Untuk menekankan topik ini, kelanjutan dari ayat di atas menambahkan
bahwa apabila mereka belum melakukan hubungan badan dengan istri-istri
mereka, maka anak-anak perempuan dari istri-istri mereka tidak akan
menjadi haram bagi mereka.
... akan tetapi, apabila kamu belum mencampuri istri-istrimu [dan kamu
telah menceraikannya], maka tidak ada dosa bagi kamu untuk
mengawininya."
c. "...istri-istri dari anak kandung kamu [menantu] ...."
Pada hakikatnya, ungkapan "min ashlâbikum" (anak-anak dari keturunanmu)
didasarkan pada penetapan atas kebatilan salah satu tradisi Jahiliyah,
di mana pada zaman tersebut telah menjadi suatu kebiasaan pada seseorang
yang memilih seorang anak sebagai anak angkat. Yaitu, mengambil anak
yang sebenarnya milik orang lain dan dijadikan sebagai anaknya sendiri.
Pada masa itu, anak angkat mempunyai keseluruhan hukum yang dimiliki
oleh anak hakiki. Dengan dalil inilah mereka enggan menikah dengan
istri-isri dari anak-anak angkat itu. Akan tetapi, dalam norma Islam,
anak angkat tidak mempunyai hukum-hukum seperti anak hakiki secara
keseluruhan.
d. "... dan [diharamkan bagi Kamu] menghimpunkan [dalam pernikahan] dua wanita yang bersaudara ....
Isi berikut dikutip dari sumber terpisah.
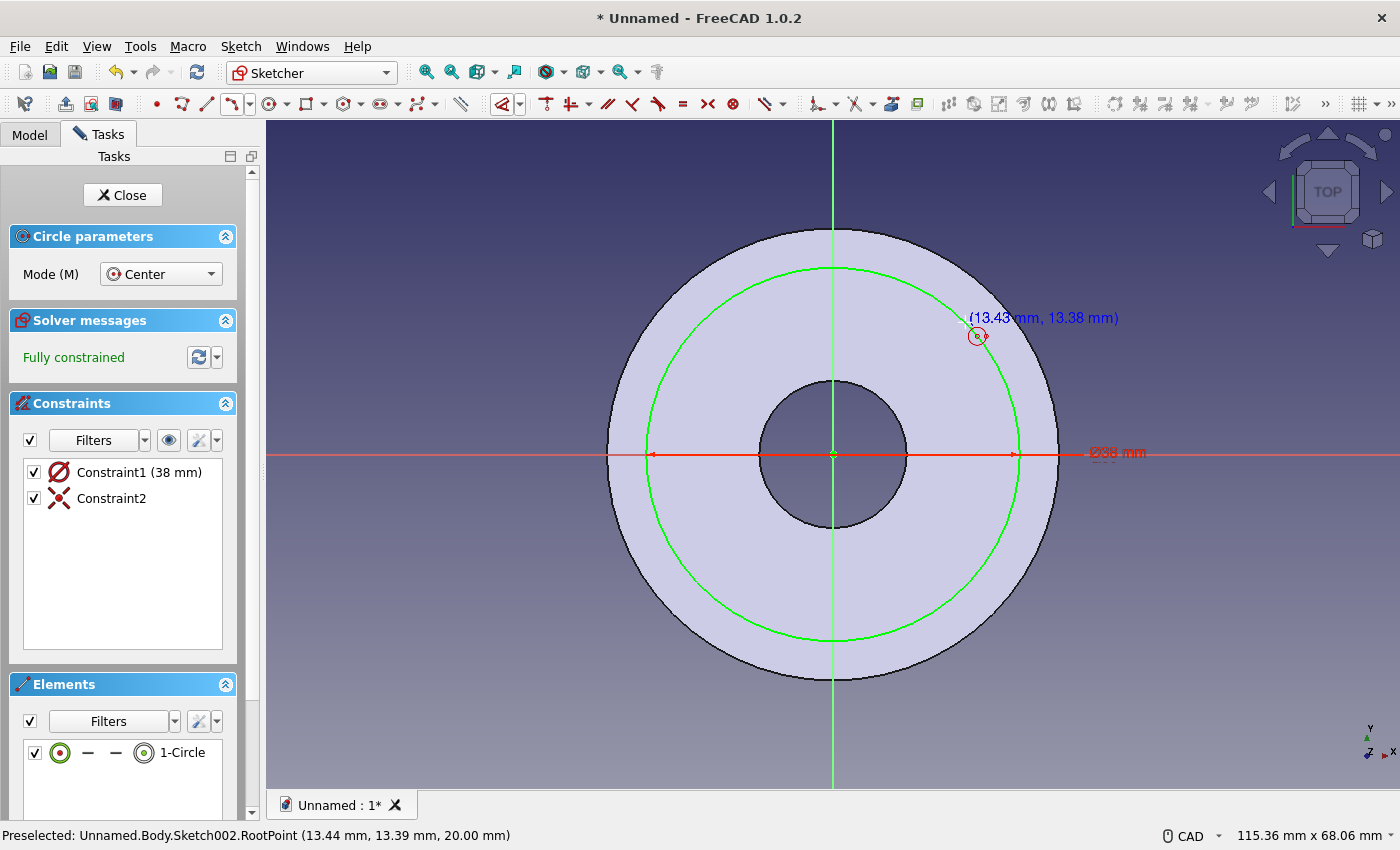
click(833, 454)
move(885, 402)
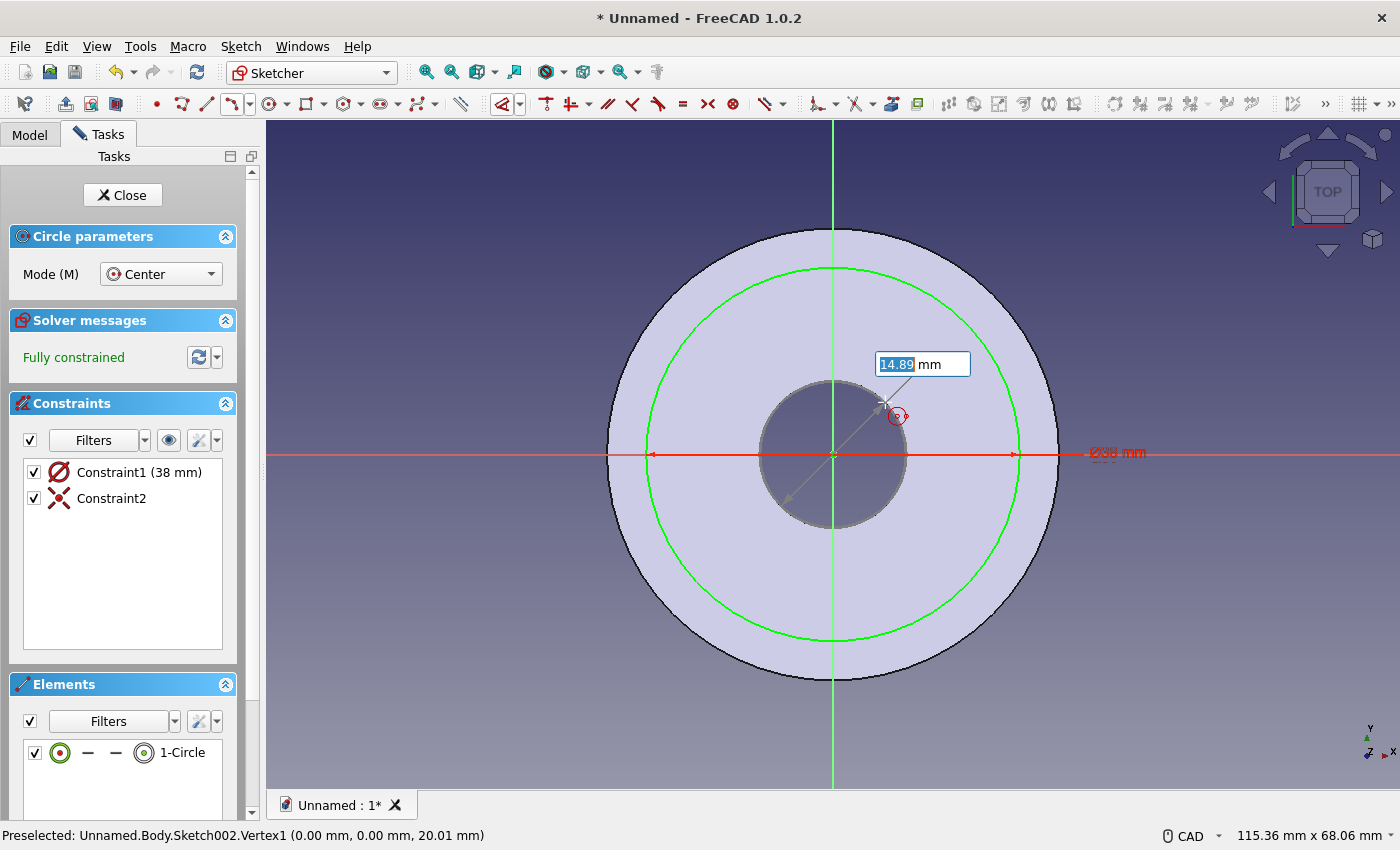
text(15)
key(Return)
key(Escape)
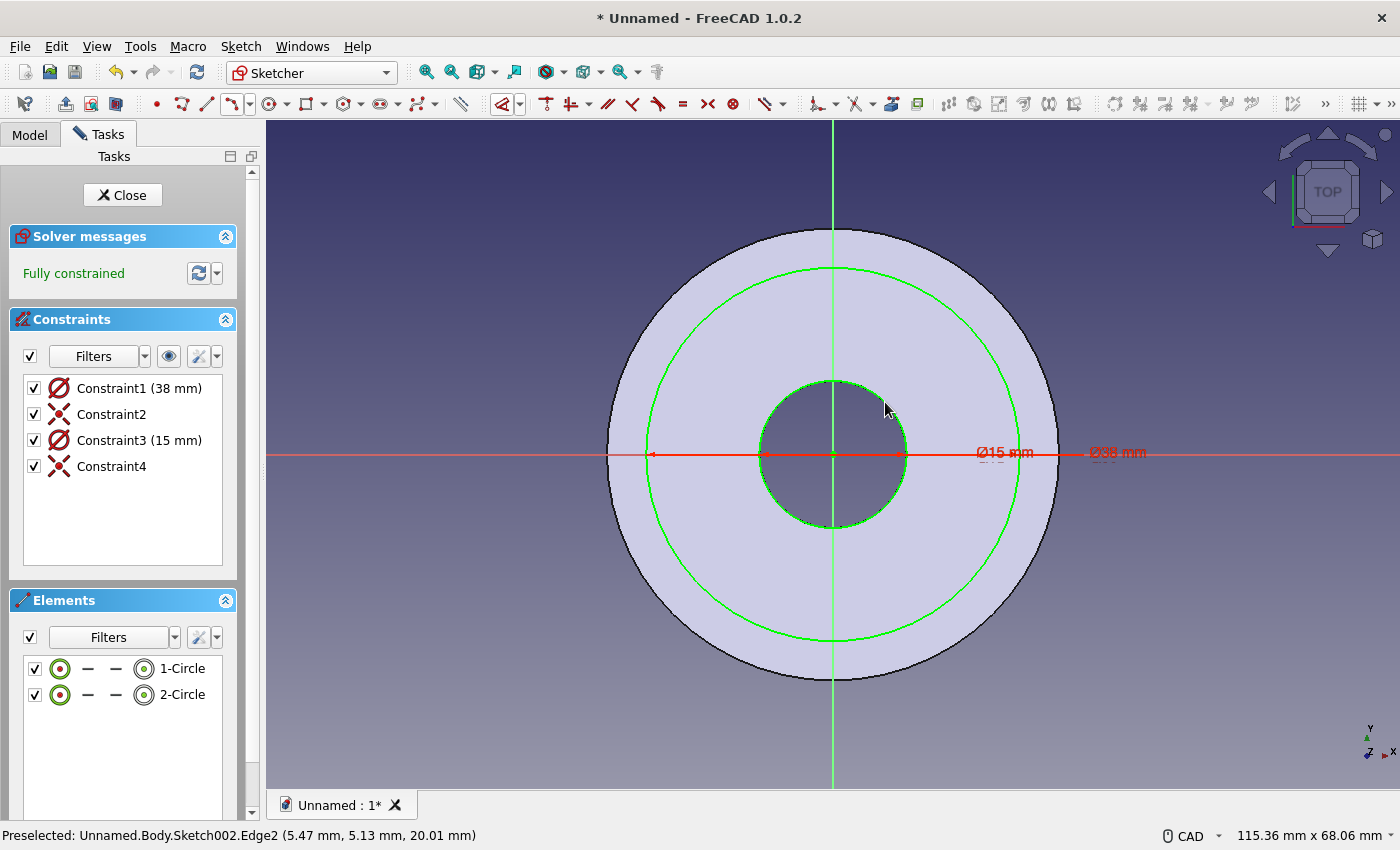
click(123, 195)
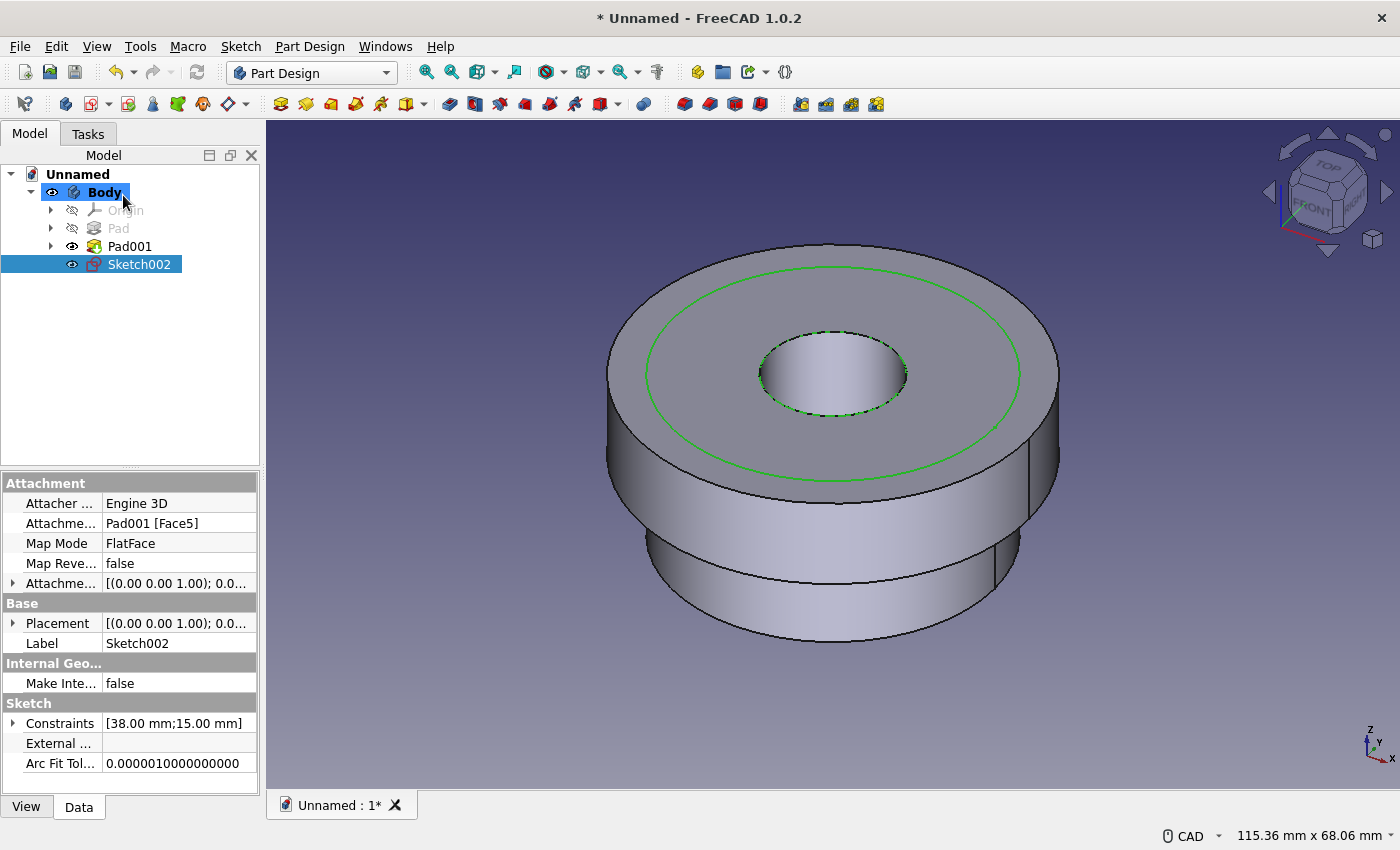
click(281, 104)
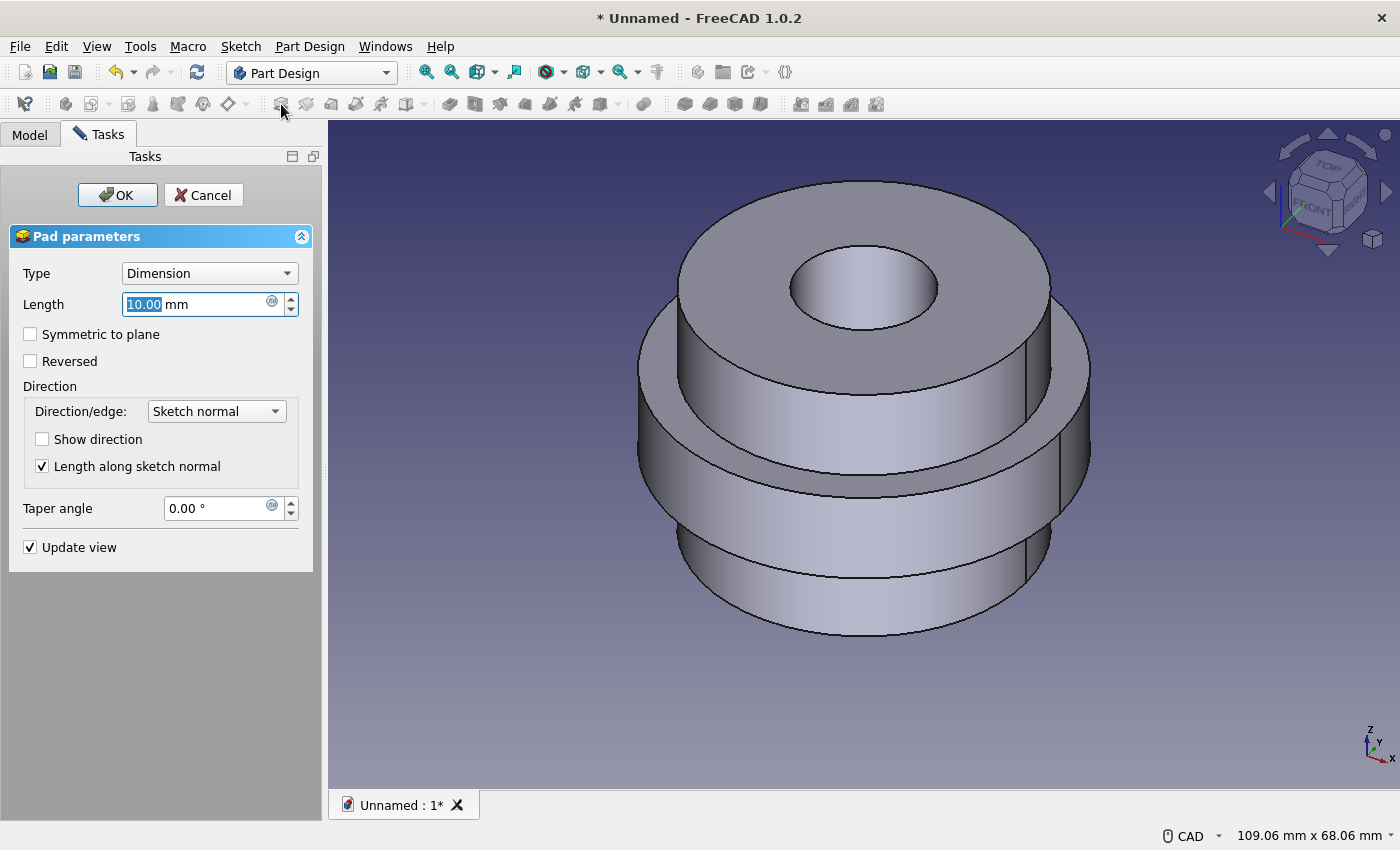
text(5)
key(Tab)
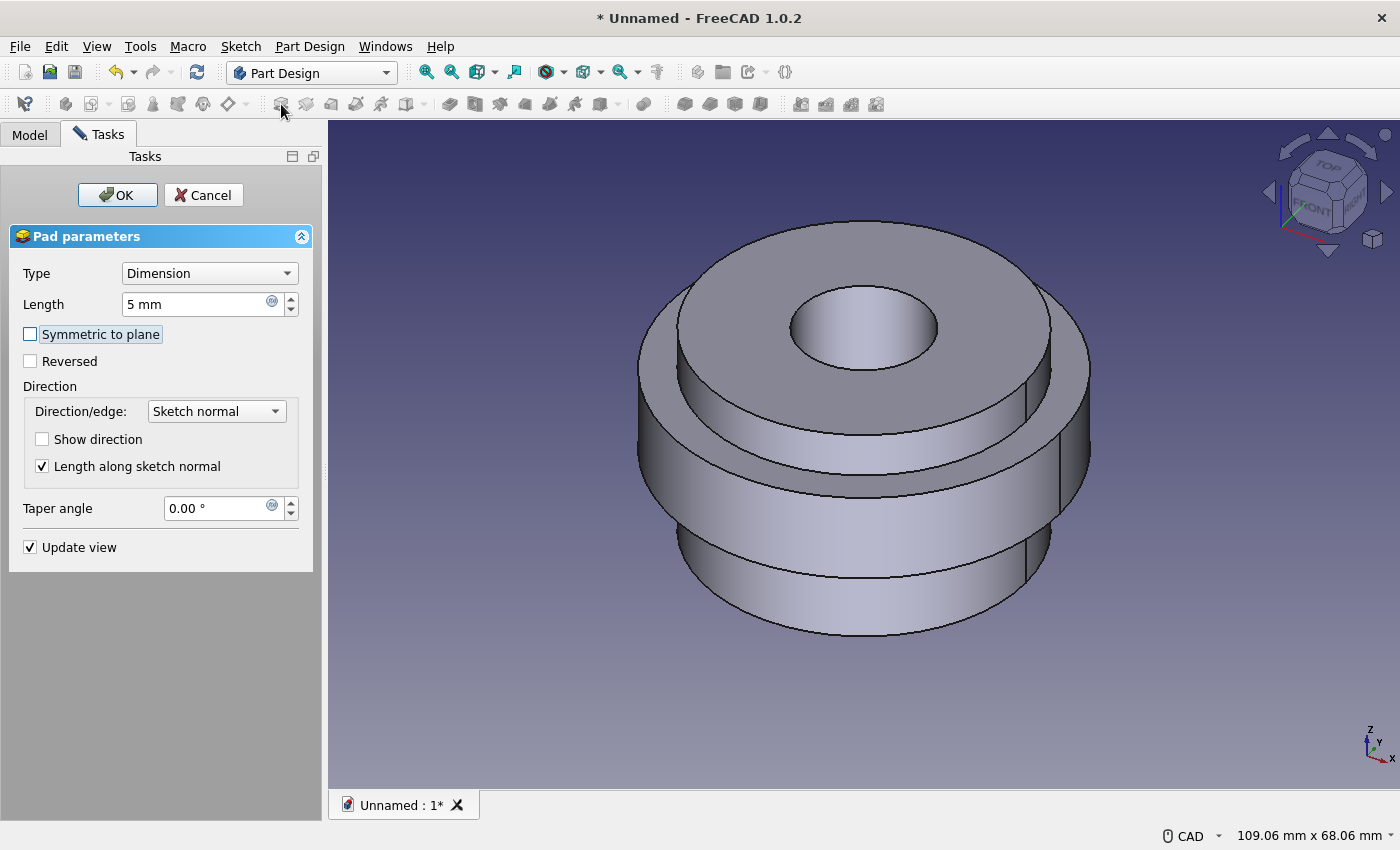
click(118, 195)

Yaitu, tidak dibenarkan bagi seseorang untuk menikah dengan dua wanita
bersaudara dalam satu masa. Oleh karena itu, dibolehkan atas seseorang
untuk menikah dengan dua orang atau lebih dari wanita bersaudara pada
zaman yang berbeda-beda dan hal ini dilakukan setelah berpisah dari
saudara wanita yang sebelumnya.
Di zaman Jahiliyah, menghimpun dua wanita bersaudara dalam satu
pernikahan merupakan suatu hal yang biasa terjadi dan juga terdapat
banyak individu yang telah melakukan pernikahan semacam ini. Oleh karena
itu, ungkapan tersebut, Al-Qur'an melanjutkan "illa mâ qad salaf"
(kecuali apa yang berlalu) sehingga orang-orang yang -sebelum turunnya
hukum ini- telah melakukan pernikahan semacam itu tidak akan mendapatkan
balasan dan siksaan, meskipun sekarang ia harus memilih salah satu dari
kedua wanita bersaudara tersebut dan melepaskan yang satunya.
Mungkin rahasia mengapa Islam melarang pernikahan semacam ini adalah,
bahwa dua wanita yang bersaudara berdasarkan hukum nasab dan ikatan
batin yang alami mempunyai ikatan kasih sayang yang luar biasa antara
yang satu dengan yang lainnya. Ketika mereka telah berada dalam satu
persaingan, secara praktis mereka tidak akan bisa mempertahankan rasa
kasih sayang yang ada sebelumnya. Dengan demikian, akan terjadi
kontradiksi antara kasih sayang dan persaingan di dalam diri mereka,
yang tentu saja hal ini akan berdampak negatif dan berbahaya bagi
mereka. Karena, pasti akan terdapat rasa kasih sayang yang senantiasa
berhadapan dengan rasa persaingan di dalam wujud mereka yang -pada
gilirannya- akan memicu tejadinya pertikaian di antara mereka.